[Data excerpts]
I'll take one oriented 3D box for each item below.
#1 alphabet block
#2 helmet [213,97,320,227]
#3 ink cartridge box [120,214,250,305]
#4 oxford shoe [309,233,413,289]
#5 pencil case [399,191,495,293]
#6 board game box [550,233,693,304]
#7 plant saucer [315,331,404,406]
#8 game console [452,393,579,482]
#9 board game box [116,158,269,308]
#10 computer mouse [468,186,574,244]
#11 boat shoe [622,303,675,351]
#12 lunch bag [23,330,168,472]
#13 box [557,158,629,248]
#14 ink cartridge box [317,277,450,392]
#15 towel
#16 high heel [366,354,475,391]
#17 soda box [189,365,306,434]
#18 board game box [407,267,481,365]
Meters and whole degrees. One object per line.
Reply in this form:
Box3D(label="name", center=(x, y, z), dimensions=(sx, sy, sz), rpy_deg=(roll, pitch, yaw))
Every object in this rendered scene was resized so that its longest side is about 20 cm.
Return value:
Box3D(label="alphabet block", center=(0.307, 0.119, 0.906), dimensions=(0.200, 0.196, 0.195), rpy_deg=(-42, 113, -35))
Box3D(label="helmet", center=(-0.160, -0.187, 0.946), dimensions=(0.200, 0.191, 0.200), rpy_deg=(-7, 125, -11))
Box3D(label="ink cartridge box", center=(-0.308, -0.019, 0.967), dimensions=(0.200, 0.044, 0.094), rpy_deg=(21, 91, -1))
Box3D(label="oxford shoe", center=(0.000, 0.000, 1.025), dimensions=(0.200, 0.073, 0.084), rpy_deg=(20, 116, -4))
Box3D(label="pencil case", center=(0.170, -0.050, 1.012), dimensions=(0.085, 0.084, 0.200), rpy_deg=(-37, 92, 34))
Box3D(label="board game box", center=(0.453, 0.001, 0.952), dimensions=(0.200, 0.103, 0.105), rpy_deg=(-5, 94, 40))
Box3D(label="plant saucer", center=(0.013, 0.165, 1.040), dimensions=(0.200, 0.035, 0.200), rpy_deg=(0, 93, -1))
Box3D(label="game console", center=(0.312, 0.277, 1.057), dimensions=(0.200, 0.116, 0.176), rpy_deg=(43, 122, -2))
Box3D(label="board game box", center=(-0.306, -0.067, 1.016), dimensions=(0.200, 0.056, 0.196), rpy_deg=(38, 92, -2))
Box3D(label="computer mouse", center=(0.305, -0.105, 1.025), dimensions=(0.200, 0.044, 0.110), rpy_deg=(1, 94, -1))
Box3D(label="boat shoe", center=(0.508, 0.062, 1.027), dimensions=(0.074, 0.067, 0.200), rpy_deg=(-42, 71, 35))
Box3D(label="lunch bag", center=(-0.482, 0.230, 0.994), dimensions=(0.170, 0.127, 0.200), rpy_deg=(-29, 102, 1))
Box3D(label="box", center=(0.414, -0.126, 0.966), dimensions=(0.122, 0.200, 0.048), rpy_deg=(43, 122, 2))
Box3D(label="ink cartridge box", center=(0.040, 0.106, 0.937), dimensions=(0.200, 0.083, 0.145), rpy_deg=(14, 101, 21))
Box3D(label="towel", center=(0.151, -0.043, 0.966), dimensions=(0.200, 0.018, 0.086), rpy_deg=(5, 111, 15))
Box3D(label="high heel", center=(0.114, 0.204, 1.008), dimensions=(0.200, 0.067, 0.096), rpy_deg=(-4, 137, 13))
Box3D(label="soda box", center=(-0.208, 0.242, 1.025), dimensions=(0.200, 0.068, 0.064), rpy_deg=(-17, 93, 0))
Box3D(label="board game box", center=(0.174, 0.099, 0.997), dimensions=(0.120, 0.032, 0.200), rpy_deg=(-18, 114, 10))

## WHAT YOU ARE ASKED TO DO
Every entry must be duplicated exactly as it stands.

## RESPONSE TO THE TASK
I'll take one oriented 3D box for each item below.
#1 alphabet block
#2 helmet [213,97,320,227]
#3 ink cartridge box [120,214,250,305]
#4 oxford shoe [309,233,413,289]
#5 pencil case [399,191,495,293]
#6 board game box [550,233,693,304]
#7 plant saucer [315,331,404,406]
#8 game console [452,393,579,482]
#9 board game box [116,158,269,308]
#10 computer mouse [468,186,574,244]
#11 boat shoe [622,303,675,351]
#12 lunch bag [23,330,168,472]
#13 box [557,158,629,248]
#14 ink cartridge box [317,277,450,392]
#15 towel
#16 high heel [366,354,475,391]
#17 soda box [189,365,306,434]
#18 board game box [407,267,481,365]
Meters and whole degrees. One object per line.
Reply in this form:
Box3D(label="name", center=(x, y, z), dimensions=(sx, sy, sz), rpy_deg=(roll, pitch, yaw))
Every object in this rendered scene was resized so that its longest side is about 20 cm.
Return value:
Box3D(label="alphabet block", center=(0.307, 0.119, 0.906), dimensions=(0.200, 0.196, 0.195), rpy_deg=(-42, 113, -35))
Box3D(label="helmet", center=(-0.160, -0.187, 0.946), dimensions=(0.200, 0.191, 0.200), rpy_deg=(-7, 125, -11))
Box3D(label="ink cartridge box", center=(-0.308, -0.019, 0.967), dimensions=(0.200, 0.044, 0.094), rpy_deg=(21, 91, -1))
Box3D(label="oxford shoe", center=(0.000, 0.000, 1.025), dimensions=(0.200, 0.073, 0.084), rpy_deg=(20, 116, -4))
Box3D(label="pencil case", center=(0.170, -0.050, 1.012), dimensions=(0.085, 0.084, 0.200), rpy_deg=(-37, 92, 34))
Box3D(label="board game box", center=(0.453, 0.001, 0.952), dimensions=(0.200, 0.103, 0.105), rpy_deg=(-5, 94, 40))
Box3D(label="plant saucer", center=(0.013, 0.165, 1.040), dimensions=(0.200, 0.035, 0.200), rpy_deg=(0, 93, -1))
Box3D(label="game console", center=(0.312, 0.277, 1.057), dimensions=(0.200, 0.116, 0.176), rpy_deg=(43, 122, -2))
Box3D(label="board game box", center=(-0.306, -0.067, 1.016), dimensions=(0.200, 0.056, 0.196), rpy_deg=(38, 92, -2))
Box3D(label="computer mouse", center=(0.305, -0.105, 1.025), dimensions=(0.200, 0.044, 0.110), rpy_deg=(1, 94, -1))
Box3D(label="boat shoe", center=(0.508, 0.062, 1.027), dimensions=(0.074, 0.067, 0.200), rpy_deg=(-42, 71, 35))
Box3D(label="lunch bag", center=(-0.482, 0.230, 0.994), dimensions=(0.170, 0.127, 0.200), rpy_deg=(-29, 102, 1))
Box3D(label="box", center=(0.414, -0.126, 0.966), dimensions=(0.122, 0.200, 0.048), rpy_deg=(43, 122, 2))
Box3D(label="ink cartridge box", center=(0.040, 0.106, 0.937), dimensions=(0.200, 0.083, 0.145), rpy_deg=(14, 101, 21))
Box3D(label="towel", center=(0.151, -0.043, 0.966), dimensions=(0.200, 0.018, 0.086), rpy_deg=(5, 111, 15))
Box3D(label="high heel", center=(0.114, 0.204, 1.008), dimensions=(0.200, 0.067, 0.096), rpy_deg=(-4, 137, 13))
Box3D(label="soda box", center=(-0.208, 0.242, 1.025), dimensions=(0.200, 0.068, 0.064), rpy_deg=(-17, 93, 0))
Box3D(label="board game box", center=(0.174, 0.099, 0.997), dimensions=(0.120, 0.032, 0.200), rpy_deg=(-18, 114, 10))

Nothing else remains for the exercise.